[Start of section]
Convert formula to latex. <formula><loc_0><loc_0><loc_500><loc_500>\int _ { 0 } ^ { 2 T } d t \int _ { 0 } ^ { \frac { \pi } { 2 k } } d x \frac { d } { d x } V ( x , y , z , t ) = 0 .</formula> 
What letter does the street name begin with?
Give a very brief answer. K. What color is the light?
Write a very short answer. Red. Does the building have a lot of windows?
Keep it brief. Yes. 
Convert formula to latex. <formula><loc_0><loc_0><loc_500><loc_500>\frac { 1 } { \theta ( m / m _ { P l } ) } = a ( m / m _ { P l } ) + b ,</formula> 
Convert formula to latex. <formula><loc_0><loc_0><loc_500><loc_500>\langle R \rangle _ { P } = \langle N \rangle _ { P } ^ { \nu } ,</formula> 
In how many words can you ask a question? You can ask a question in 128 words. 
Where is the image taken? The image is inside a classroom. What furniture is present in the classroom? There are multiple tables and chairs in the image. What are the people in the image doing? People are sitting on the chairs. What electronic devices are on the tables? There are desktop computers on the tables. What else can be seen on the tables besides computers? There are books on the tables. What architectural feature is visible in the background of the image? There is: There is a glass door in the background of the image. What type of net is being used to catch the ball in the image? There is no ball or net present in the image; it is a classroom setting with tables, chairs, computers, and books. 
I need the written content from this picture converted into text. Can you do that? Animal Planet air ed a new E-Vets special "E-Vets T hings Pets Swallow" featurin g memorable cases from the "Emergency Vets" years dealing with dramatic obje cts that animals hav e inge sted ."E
[End of section]
[Start of section]
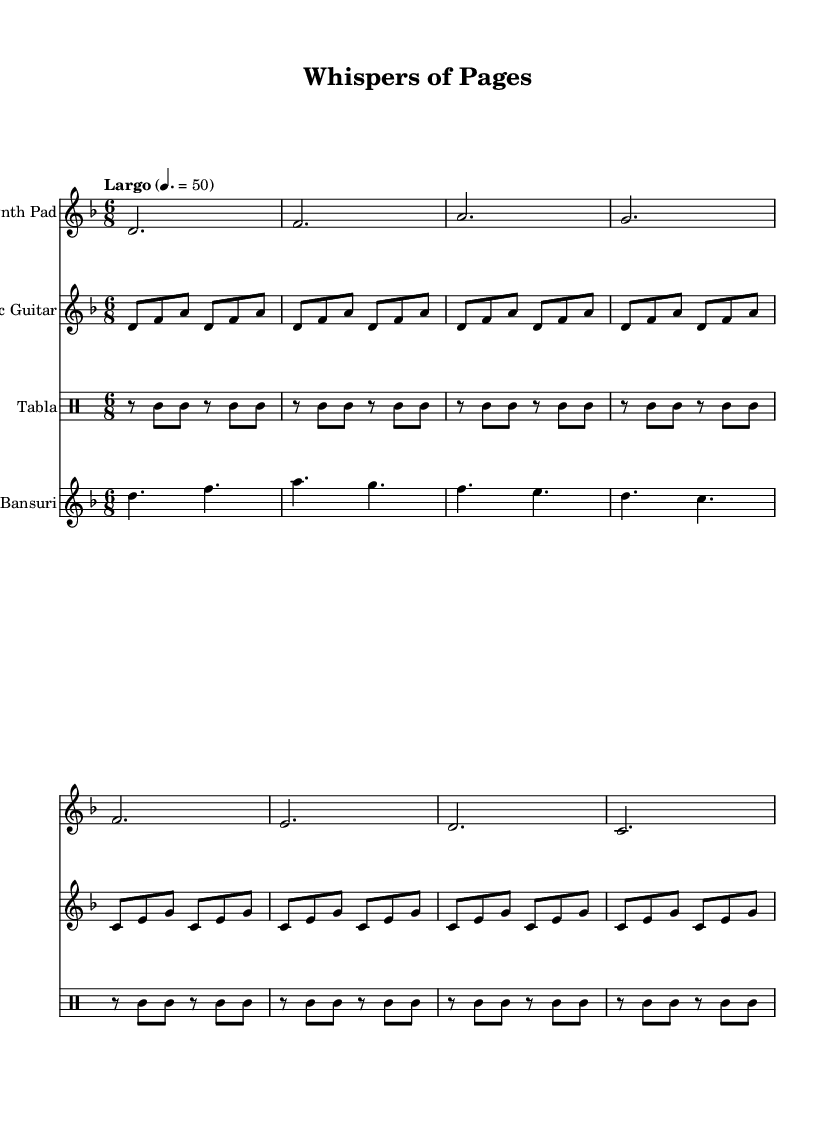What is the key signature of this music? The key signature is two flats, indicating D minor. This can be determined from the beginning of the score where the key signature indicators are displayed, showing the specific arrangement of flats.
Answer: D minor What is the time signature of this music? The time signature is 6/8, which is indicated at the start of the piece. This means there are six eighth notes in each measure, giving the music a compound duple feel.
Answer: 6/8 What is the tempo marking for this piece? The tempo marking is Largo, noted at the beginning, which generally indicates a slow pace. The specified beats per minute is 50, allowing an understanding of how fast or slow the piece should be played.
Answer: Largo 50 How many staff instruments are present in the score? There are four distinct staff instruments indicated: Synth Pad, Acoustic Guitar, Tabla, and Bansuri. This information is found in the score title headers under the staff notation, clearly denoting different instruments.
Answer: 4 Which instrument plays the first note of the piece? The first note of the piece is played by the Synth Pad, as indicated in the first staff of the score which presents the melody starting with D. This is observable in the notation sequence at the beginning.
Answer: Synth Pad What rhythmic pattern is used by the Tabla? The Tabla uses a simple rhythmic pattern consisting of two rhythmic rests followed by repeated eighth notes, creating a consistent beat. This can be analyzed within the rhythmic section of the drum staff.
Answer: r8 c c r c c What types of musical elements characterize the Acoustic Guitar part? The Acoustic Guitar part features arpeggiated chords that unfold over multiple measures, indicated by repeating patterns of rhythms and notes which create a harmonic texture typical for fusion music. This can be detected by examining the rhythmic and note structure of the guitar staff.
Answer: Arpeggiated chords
[End of section]
# What this task involves
Throughout the material above, find each line with "piece" and return it.

# Task response
Answer: D minor What is the time signature of this music? The time signature is 6/8, which is indicated at the start of the piece. This means there are six eighth notes in each measure, giving the music a compound duple feel.
Answer: 6/8 What is the tempo marking for this piece? The tempo marking is Largo, noted at the beginning, which generally indicates a slow pace. The specified beats per minute is 50, allowing an understanding of how fast or slow the piece should be played.
Answer: 4 Which instrument plays the first note of the piece? The first note of the piece is played by the Synth Pad, as indicated in the first staff of the score which presents the melody starting with D. This is observable in the notation sequence at the beginning.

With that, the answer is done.